El postulador de su causa de beatificación respondió que veía, en la actitud de
la Madre Teresa, un antídoto frente al sentimentalismo de nuestra cultura: «La tendencia en nuestra vida espiritual, y también en la actitud más
general respecto al amor, es que lo que cuenta son nuestros sentimientos. Si así
fuera, la totalidad del amor sería lo que sentimos. Pero el amor auténtico a alguien
requiere compromiso, fidelidad y vulnerabilidad. La Madre Teresa no “sentía” el
amor de Cristo, y podría haber cortado. Pero se levantaba a las 4.30 cada mañana
por Jesús, y era capaz de escribirle: “Tu felicidad es lo único que quiero”. Este
es un poderoso ejemplo, incluso en términos no puramente religiosos». Y concluía el P. P. Kolodiejchuk (2009) que esta actitud puede indicar
también a otras personas cómo sobrellevar los momentos de oscuridad o de crisis
espiritual, a lo largo de una vida no fácil, al servicio de los demás.
Continuemos
con la parábola: el criado que, conociendo la voluntad de su señor, no se prepara
ni obra de acuerdo con su voluntad, recibirá muchos azotes; pero el que, sin conocerla,
ha hecho algo digno de azotes, recibirá menos. Al que mucho se le dio, mucho se
le reclamará; al que mucho se le confió, más aún se le pedirá. El amor auténtico
requiere compromiso, fidelidad. Por eso el Señor habla de vigilar como administradores
fieles y prudentes. San Josemaría explicaba que la labor formativa de la juventud
consiste en «enseñarles
a luchar».
Nunca es tarde para aprender, pero esa época es el mejor momento para adquirir hábitos.
Y el resto de la vida, ¡a esforzarse por consolidarlos!
En eso consiste la vigilancia de la que habla el Evangelio.
Para
quien procura ser un buen cristiano, las caídas aparatosas, inesperadas y sorpresivas
no son lo corriente.
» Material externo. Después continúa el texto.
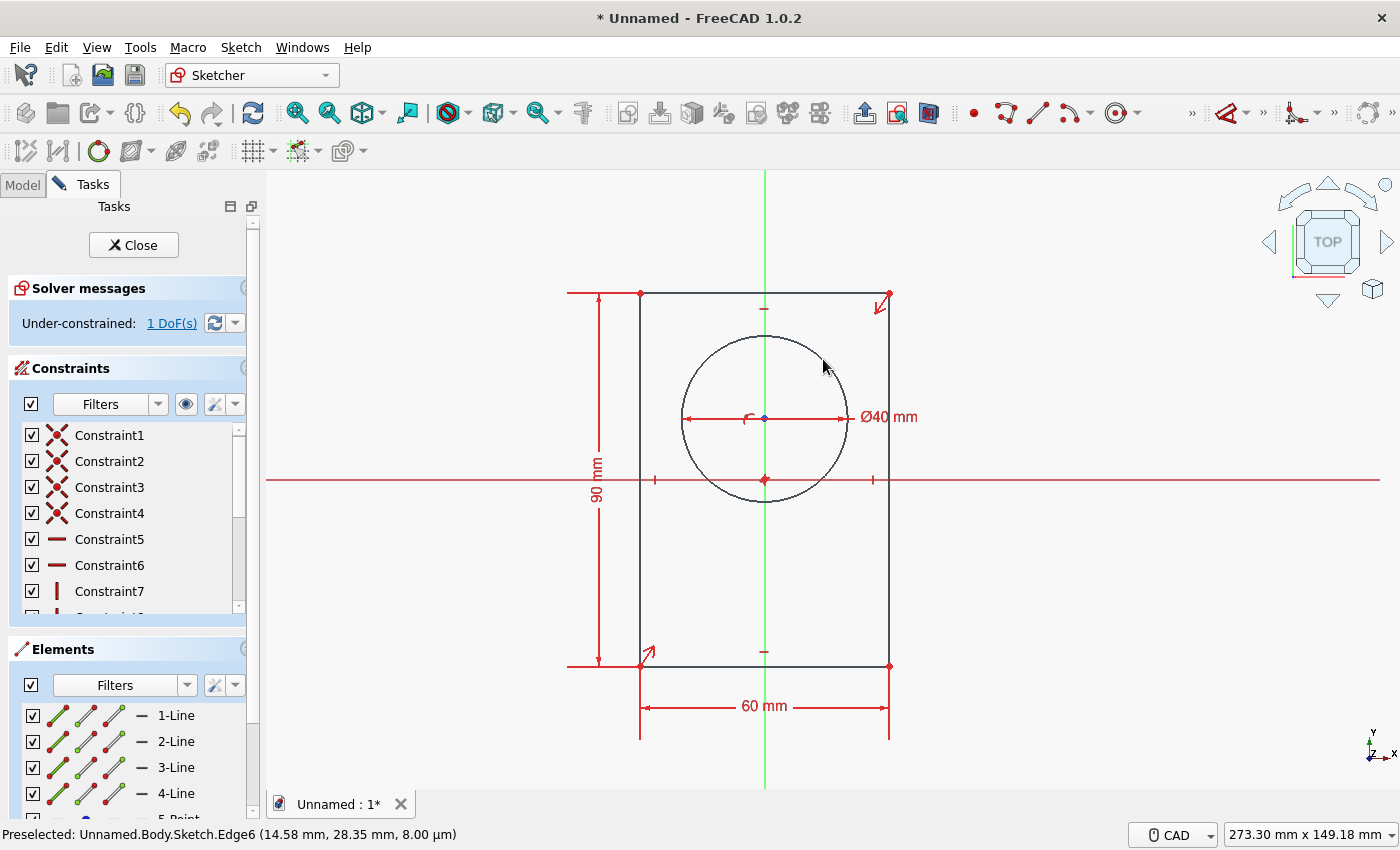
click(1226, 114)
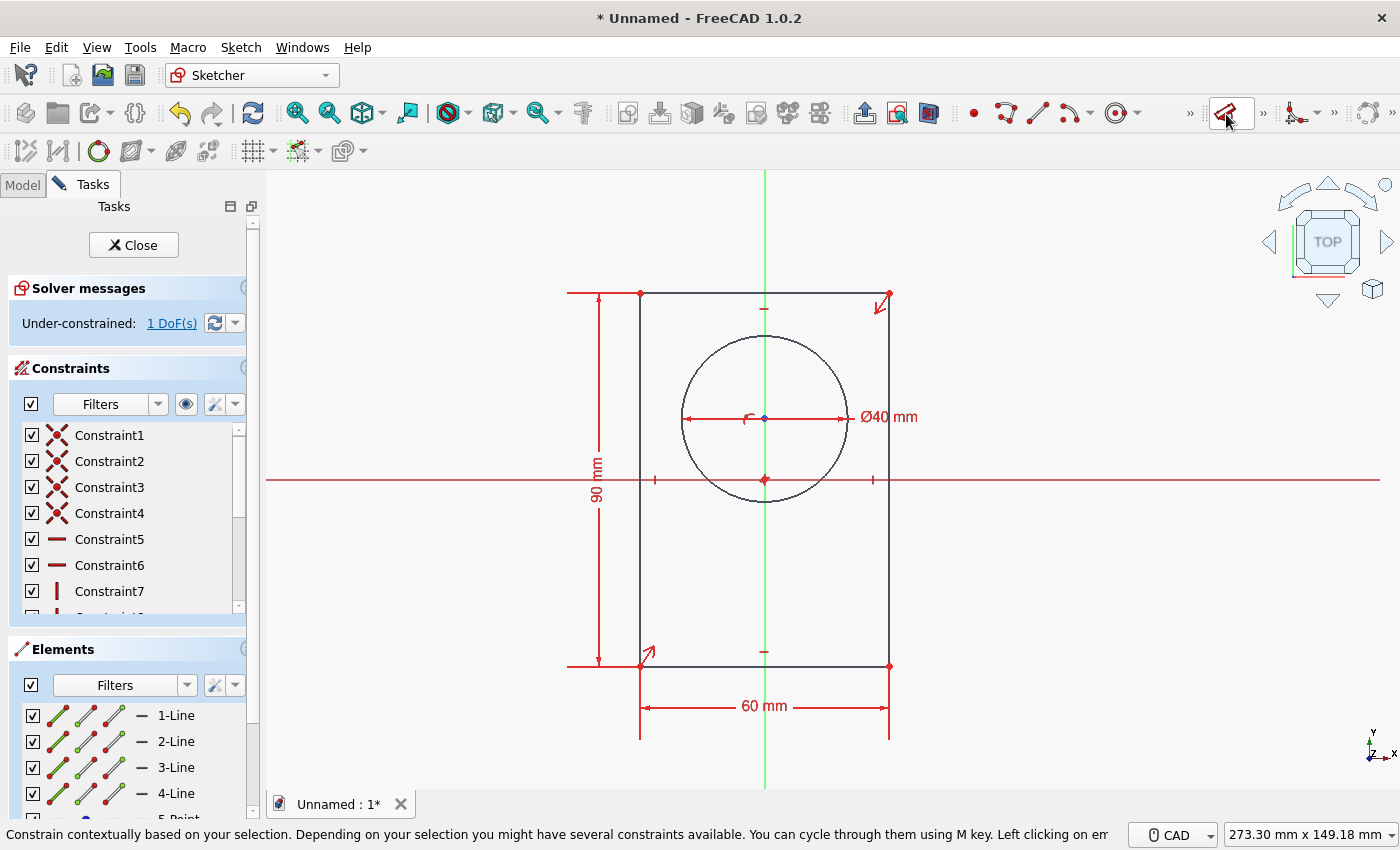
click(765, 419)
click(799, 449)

No es ése el modo de actuar del demonio: más bien intenta llevar
a las almas por una pendiente resbaladiza, para que descuiden su lucha, su vigilancia.
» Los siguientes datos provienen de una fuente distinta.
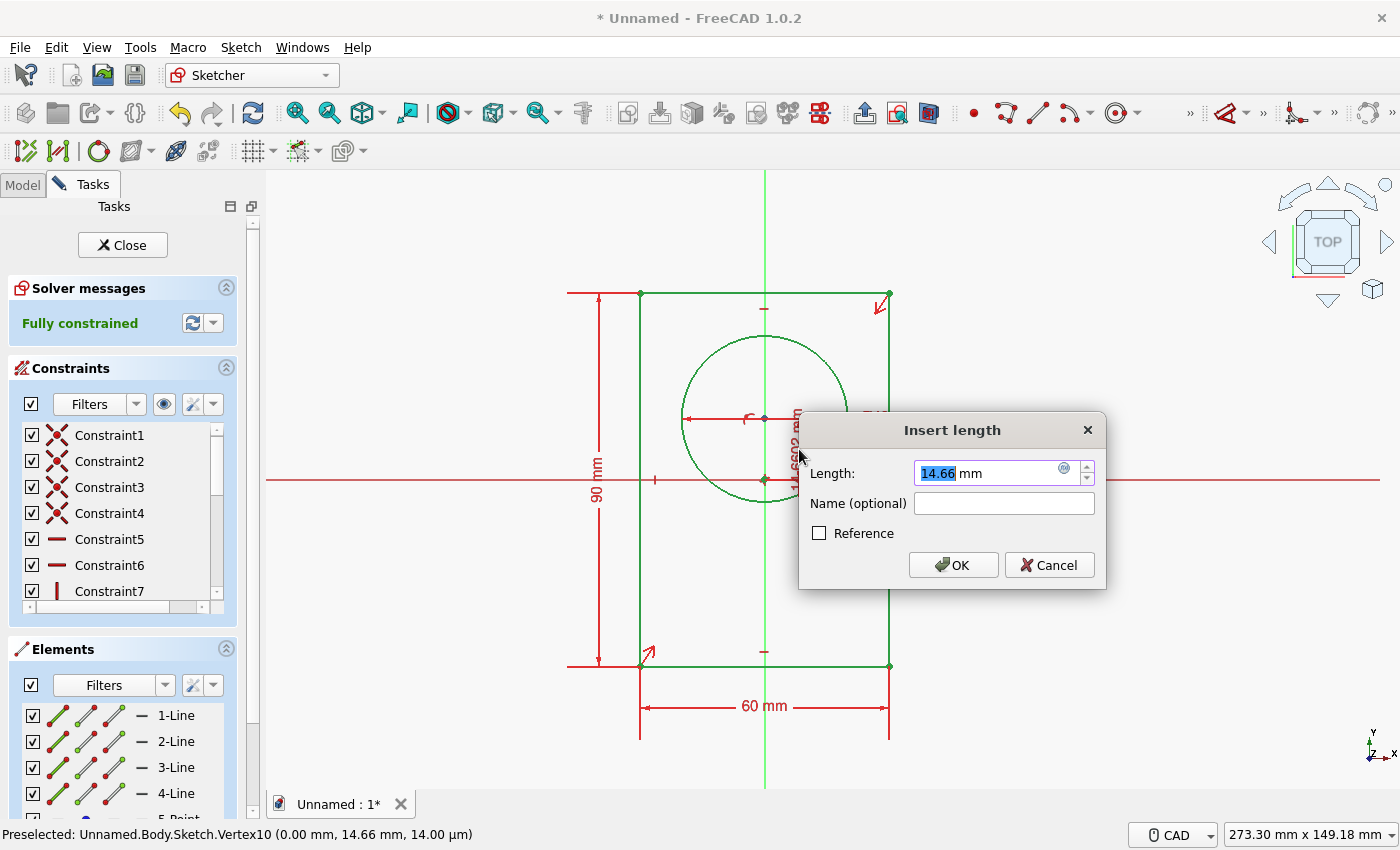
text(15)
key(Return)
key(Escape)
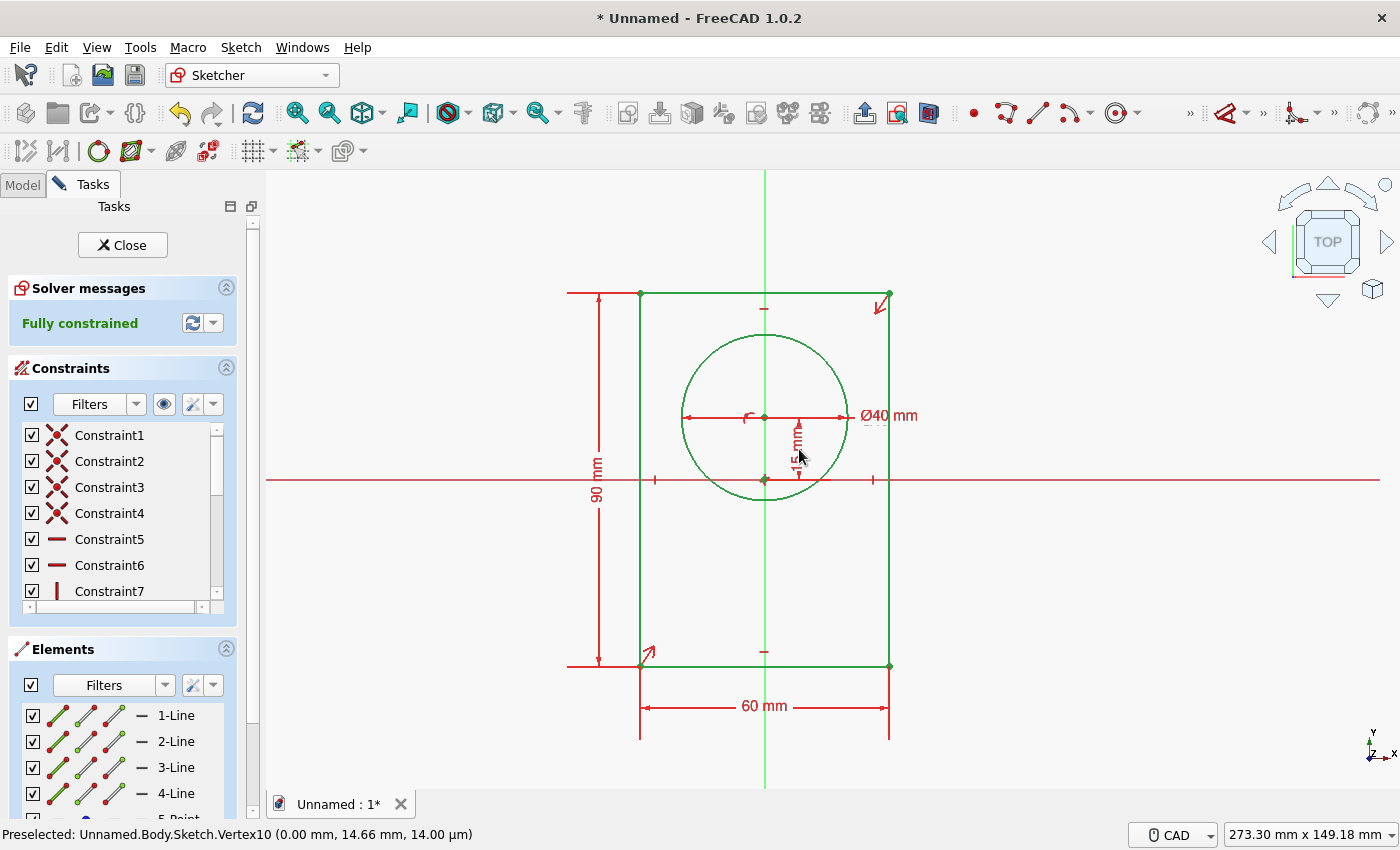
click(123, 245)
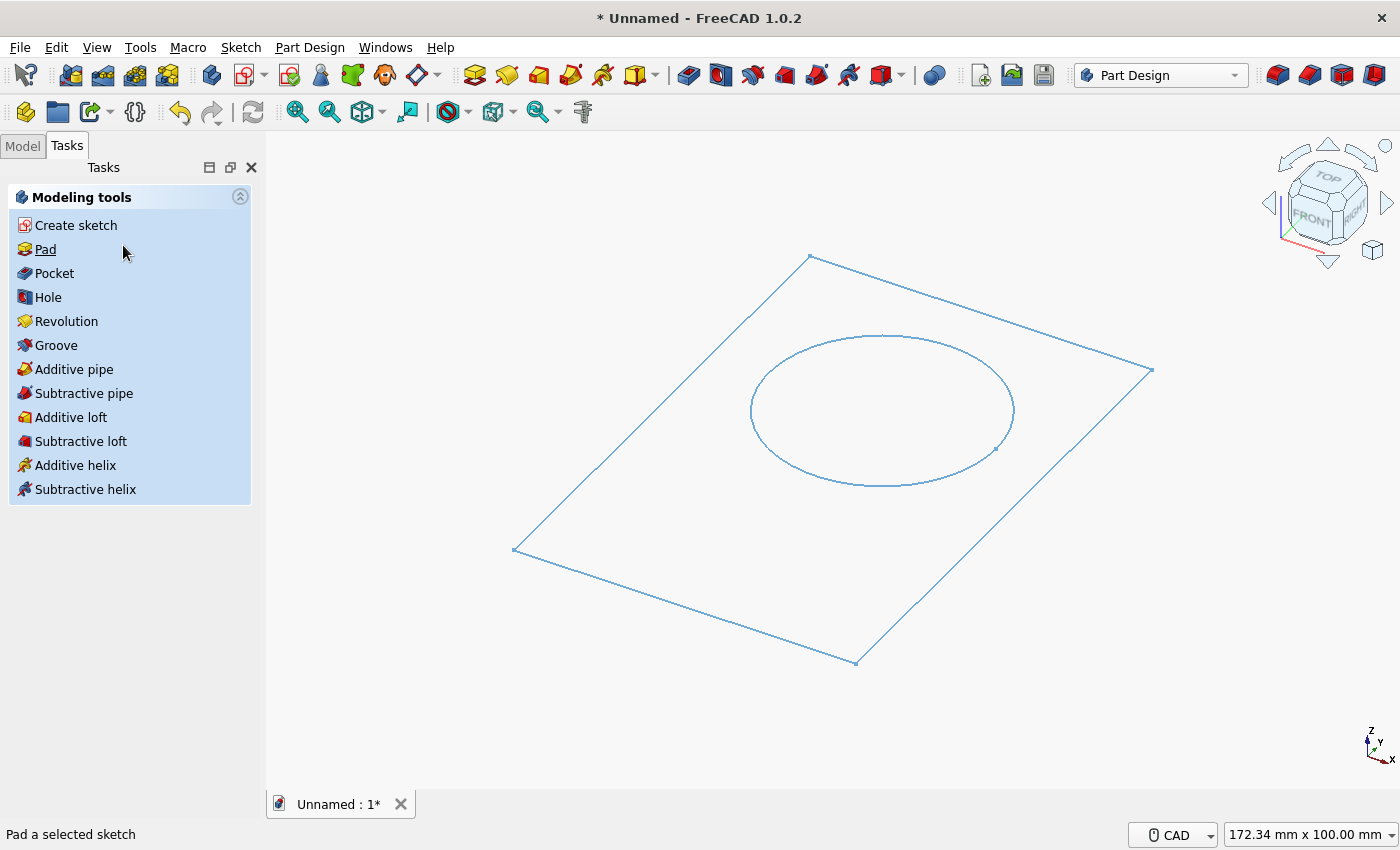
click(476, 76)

Un día, retrasamos la oración porque estamos un poco indispuestos; otro, porque
tenemos muchos quehaceres; al siguiente, porque necesitamos ese tiempo para el apostolado
(¡!) y, cuando menos pensamos, comenzamos a ceder en puntos de mayor envergadura.
Se nos hacen cuesta arriba las prácticas que antes vivíamos con gusto —aunque
costaran—, y las pasiones (la soberbia y la impureza, por ejemplo) aparecen con
insidia renovada. Resurgen de nuevo los respetos humanos y las justificaciones:
«tampoco hay que ser fanáticos», «no se trata de ir muy rápido», etc.
Por
eso el Señor nos invita a la vigilancia, a cuidar la lucha en lo pequeño —que no
se acabe el aceite en la alcuza—, para que después no caigamos en lo grande: «Mucho duele
al Señor la inconsciencia de tantos y de tantas, que no se esfuerzan en evitar los
pecados veniales deliberados. ¡Es lo normal —piensan y se justifican—, porque en
esos tropiezos caemos todos! Óyeme bien: también la mayoría de aquella chusma, que
condenó a Cristo y le dio muerte, empezó sólo por gritar —¡como los otros!—, por
acudir al Huerto de los Olivos —¡con los demás!—,... Al final, empujados también
por lo que hacían “todos”, no supieron o no quisieron echarse atrás..., ¡y crucificaron
a Jesús! —Ahora, al cabo de veinte siglos, no hemos aprendido» (S, 139).
En
el pasaje que contemplamos aparecen unas virtudes que nos ayudan a concretar la
fidelidad que pedimos
al Señor en este rato de oración: los administradores fieles
y prudentes son aquellos que se esfuerzan por ser laboriosos, previsores, obedientes
y responsables; son aquellos que dan la ración
adecuada a la hora debida, a los que su
señor, al llegar, lo encuentre portándose así. Laboriosidad: una virtud que
debería caracterizarnos a los que tenemos el trabajo ordinario como medio de santificación.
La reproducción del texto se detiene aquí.